The reason I wrote about K today is that there are so many other K’s living in this country. Not quite ill enough to be allocated a keyworker or cpn, but too ill to manage their own lives. Let down by the NHS because it is so underfunded and understaffed that it can only help the worst cases. In a few months K will probably fall into that category. At least then she will receive help. But the road back to health will be so much longer than it needed to be. It’s a shame.

6 Responses to “Go away and come back when you’re dying.”

  1. Lola Snow Says:

    This was a very thought provoking post. Its so frightening to think the pressure she must be under. Its soul destroying, but happens all too often. Wish i had something more to offer than that, but what can anybody say? Are you ok? Its not easy having to listen to and feel someones pain lke that. Especially when you are trying hard to tread water yourself. Lola x

  2. bippidee Says:

    I’m fine lola thankyou. I have a tendency to be great with other people’s problems but rubbish with my own lol.

  3. Lola Snow Says:

    Yeah, its a shame logic never quite works with mental illness 🙂
    I wonder if thats why every MH professional i have ever met is slightly unhinged. Sometimes i struggled to tell the doctors from the patients at the hospital….

  4. Madsadgirl Says:

    Good post. Like you I seem to be able to cope with other people’s problems better than my own, so I know where you are coming from on this.
    I guess it is all part of the discrimination and stigma that is attached to the whole issue of mental health. It’s not high-tech, it’s not ground-breaking, there is no glamour associated with it, so nobody in high places worries that the needs of the mentally ill aren’t being met.

  5. Alison Says:

    A very good post and it certainly highlights the problems with the mental health system in the UK.

  6. Zoe Says:

    Yes I share this kind of experience too.
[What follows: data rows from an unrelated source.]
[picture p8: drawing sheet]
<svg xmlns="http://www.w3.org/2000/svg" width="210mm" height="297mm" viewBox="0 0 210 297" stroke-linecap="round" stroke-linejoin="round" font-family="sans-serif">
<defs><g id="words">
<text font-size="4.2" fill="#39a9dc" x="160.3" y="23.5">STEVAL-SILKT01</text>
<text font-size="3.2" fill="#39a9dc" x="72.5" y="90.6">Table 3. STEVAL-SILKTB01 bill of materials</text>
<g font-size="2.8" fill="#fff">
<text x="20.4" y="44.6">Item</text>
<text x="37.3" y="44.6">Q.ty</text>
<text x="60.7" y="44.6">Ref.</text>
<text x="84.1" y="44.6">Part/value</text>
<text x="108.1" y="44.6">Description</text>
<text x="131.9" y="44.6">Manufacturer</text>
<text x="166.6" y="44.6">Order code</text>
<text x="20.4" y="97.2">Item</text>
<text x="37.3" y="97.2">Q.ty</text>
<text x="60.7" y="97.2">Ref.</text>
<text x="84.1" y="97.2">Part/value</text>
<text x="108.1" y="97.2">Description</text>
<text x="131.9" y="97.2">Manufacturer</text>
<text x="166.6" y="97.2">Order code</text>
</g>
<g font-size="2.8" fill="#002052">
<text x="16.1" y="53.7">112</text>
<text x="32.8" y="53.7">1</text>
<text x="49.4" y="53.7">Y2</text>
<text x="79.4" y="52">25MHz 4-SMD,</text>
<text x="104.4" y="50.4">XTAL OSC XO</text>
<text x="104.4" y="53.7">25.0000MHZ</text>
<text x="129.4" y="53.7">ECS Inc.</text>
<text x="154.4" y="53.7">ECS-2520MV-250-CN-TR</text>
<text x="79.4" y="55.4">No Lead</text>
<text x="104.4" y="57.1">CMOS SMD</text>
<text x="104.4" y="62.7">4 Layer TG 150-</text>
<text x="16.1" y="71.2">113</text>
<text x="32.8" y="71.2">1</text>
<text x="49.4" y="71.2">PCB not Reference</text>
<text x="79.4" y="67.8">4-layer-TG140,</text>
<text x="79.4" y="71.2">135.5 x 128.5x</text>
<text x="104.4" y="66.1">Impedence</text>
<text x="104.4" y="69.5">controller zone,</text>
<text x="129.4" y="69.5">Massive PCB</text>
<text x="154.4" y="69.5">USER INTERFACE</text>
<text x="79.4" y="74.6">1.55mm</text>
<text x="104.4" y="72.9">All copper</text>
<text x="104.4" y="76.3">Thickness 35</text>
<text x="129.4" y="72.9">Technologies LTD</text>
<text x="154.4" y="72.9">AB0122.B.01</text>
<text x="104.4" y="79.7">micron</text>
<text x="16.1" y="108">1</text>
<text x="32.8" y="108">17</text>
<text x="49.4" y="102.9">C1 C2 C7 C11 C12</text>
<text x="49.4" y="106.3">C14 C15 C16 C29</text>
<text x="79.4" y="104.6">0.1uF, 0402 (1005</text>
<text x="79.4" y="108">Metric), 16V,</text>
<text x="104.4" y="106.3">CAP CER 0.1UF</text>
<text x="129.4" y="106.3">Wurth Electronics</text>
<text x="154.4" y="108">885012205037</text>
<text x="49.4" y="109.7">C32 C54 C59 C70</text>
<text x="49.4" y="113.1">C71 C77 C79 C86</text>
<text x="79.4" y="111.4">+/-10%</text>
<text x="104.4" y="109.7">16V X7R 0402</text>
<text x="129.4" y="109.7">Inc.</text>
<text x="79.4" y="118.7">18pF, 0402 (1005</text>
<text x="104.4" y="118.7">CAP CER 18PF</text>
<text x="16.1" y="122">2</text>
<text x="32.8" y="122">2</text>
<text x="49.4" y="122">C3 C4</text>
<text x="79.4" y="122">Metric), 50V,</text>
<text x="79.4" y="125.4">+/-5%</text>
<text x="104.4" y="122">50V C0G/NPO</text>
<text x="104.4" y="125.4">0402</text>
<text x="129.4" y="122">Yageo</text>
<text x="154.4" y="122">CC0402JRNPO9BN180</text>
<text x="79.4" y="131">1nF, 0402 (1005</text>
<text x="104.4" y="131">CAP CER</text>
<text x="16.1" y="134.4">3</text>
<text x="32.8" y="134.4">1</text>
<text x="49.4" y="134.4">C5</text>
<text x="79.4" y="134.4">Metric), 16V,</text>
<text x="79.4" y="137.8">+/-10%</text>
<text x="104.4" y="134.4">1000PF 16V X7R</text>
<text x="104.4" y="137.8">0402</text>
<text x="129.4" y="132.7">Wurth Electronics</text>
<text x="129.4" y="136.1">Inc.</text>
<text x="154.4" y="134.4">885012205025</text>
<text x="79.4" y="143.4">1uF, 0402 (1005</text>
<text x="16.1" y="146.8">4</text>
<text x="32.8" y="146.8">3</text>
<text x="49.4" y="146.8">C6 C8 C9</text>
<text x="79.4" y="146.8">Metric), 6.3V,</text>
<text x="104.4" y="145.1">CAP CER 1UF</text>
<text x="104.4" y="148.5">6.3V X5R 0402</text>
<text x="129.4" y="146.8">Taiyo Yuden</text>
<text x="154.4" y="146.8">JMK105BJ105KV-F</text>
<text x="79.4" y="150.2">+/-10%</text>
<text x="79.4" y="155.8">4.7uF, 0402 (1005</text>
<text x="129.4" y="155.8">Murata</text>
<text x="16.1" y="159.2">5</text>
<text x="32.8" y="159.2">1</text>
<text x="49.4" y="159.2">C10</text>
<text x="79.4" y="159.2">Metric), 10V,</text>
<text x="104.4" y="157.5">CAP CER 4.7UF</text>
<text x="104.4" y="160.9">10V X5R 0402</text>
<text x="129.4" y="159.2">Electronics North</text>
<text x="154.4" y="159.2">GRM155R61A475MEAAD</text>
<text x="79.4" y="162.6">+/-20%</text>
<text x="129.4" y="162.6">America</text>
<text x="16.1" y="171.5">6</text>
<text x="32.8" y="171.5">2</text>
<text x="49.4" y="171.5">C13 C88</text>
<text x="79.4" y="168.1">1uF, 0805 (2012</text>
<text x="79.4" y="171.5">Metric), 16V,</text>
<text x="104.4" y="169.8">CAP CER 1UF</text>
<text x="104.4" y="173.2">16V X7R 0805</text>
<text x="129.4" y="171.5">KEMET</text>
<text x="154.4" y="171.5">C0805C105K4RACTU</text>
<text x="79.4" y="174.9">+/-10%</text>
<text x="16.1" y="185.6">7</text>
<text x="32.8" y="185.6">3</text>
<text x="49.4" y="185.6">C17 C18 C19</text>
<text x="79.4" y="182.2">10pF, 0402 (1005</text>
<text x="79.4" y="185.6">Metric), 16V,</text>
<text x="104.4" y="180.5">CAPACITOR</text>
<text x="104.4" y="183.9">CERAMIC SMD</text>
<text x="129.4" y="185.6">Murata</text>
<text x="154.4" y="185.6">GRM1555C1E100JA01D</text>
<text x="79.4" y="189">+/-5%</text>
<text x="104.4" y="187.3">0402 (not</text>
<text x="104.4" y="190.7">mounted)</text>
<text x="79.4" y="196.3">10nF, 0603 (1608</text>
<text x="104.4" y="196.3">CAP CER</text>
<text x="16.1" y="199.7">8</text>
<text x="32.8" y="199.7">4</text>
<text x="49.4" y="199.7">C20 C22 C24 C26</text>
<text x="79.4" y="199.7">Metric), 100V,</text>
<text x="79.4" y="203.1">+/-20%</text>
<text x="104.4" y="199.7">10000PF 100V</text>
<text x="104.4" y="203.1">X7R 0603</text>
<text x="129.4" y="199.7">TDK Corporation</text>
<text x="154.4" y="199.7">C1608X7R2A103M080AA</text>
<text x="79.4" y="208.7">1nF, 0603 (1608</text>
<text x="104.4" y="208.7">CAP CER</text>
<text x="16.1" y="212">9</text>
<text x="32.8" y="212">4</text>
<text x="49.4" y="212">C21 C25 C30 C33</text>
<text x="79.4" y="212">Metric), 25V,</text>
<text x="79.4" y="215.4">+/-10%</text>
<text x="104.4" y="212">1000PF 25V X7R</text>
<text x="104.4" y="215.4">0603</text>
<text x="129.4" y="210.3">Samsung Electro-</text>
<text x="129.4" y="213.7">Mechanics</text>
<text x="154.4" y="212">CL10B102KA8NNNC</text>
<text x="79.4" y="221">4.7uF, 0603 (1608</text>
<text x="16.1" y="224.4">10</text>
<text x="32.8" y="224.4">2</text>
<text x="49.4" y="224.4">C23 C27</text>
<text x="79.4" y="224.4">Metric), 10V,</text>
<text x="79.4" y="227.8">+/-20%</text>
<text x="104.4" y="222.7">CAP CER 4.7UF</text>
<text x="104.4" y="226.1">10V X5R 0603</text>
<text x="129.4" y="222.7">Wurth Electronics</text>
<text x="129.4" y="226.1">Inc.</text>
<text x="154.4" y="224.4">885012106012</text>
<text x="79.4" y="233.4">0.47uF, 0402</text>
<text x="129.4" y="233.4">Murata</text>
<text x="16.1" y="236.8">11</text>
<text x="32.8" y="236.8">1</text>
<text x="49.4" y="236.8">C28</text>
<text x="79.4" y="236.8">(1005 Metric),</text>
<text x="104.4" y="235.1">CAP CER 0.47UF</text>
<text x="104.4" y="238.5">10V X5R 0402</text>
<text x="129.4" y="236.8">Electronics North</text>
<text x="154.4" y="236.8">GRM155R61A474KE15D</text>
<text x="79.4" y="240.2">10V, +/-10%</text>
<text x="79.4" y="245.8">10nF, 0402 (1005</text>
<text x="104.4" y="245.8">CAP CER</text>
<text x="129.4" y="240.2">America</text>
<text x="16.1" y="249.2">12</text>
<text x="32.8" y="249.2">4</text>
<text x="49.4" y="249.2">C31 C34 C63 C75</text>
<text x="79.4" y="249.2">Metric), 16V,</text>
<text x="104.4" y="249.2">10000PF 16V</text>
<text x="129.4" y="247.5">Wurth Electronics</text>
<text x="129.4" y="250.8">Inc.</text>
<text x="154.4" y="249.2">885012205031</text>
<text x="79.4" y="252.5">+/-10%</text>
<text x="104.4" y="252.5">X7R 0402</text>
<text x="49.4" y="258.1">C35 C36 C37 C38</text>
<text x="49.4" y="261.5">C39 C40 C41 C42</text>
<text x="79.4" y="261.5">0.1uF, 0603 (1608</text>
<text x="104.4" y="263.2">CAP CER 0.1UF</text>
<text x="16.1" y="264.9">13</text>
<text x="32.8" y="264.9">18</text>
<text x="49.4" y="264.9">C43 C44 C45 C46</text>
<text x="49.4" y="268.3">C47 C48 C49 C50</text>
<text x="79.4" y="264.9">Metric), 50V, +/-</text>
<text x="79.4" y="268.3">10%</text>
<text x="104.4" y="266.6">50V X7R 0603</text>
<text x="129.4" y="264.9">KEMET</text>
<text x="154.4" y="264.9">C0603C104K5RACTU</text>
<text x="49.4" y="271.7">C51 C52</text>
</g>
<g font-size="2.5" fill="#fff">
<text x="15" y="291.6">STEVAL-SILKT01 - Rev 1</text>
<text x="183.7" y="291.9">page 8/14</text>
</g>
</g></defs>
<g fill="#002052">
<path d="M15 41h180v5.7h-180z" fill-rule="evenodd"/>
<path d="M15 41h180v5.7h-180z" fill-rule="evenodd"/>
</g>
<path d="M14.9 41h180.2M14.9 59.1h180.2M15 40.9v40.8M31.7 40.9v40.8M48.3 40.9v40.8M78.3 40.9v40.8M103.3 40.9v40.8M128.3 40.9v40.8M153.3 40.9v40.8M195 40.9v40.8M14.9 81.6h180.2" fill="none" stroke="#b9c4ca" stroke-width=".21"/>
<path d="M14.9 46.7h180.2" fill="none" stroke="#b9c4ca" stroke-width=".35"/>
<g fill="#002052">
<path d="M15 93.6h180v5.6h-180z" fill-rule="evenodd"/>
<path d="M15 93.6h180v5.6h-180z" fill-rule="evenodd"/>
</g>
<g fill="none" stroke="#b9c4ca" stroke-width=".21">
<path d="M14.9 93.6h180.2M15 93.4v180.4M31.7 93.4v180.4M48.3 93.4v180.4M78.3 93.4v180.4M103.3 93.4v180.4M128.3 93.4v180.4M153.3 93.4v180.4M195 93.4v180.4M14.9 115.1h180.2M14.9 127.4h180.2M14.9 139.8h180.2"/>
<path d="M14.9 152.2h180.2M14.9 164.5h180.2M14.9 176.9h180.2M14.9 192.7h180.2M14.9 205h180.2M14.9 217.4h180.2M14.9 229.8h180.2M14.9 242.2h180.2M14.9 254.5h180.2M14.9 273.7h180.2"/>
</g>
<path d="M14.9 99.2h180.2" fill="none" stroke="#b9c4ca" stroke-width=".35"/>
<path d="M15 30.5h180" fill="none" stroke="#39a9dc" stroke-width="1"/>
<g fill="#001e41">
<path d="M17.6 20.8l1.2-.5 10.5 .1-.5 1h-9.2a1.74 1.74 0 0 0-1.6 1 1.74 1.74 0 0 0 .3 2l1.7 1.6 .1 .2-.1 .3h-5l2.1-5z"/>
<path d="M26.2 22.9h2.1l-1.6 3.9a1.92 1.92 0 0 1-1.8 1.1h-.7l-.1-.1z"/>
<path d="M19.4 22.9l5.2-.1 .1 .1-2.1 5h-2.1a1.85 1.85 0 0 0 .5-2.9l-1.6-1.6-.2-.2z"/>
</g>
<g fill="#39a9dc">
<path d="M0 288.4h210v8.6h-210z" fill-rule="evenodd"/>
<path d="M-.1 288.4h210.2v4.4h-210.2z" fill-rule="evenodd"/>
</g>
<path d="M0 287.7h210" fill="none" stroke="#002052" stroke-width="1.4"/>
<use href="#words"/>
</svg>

Not me but people I know who haven’t the luck to have been diagnosed with the ‘right’ illness and therefore fall completely through the net. I feel of limited use to them as my own experience is so different. I have never had a problem accessing the services that I needed. Nor do I have to struggle to get by on minimal benefits.

    One thing you mention about your friend struck a chord however. She feels guilty about being on benefits. I know someone like this too, and I advise her to work on developing a sense of entitlement! Having enough to live on is right at the base of our pyramid of needs. ‘K’ needs to work on developing her self-esteem, starting with the basics and hopefully moving on to other areas of her life…like the relationships she chooses. Anyway, thanks for sharing this. I like your writing.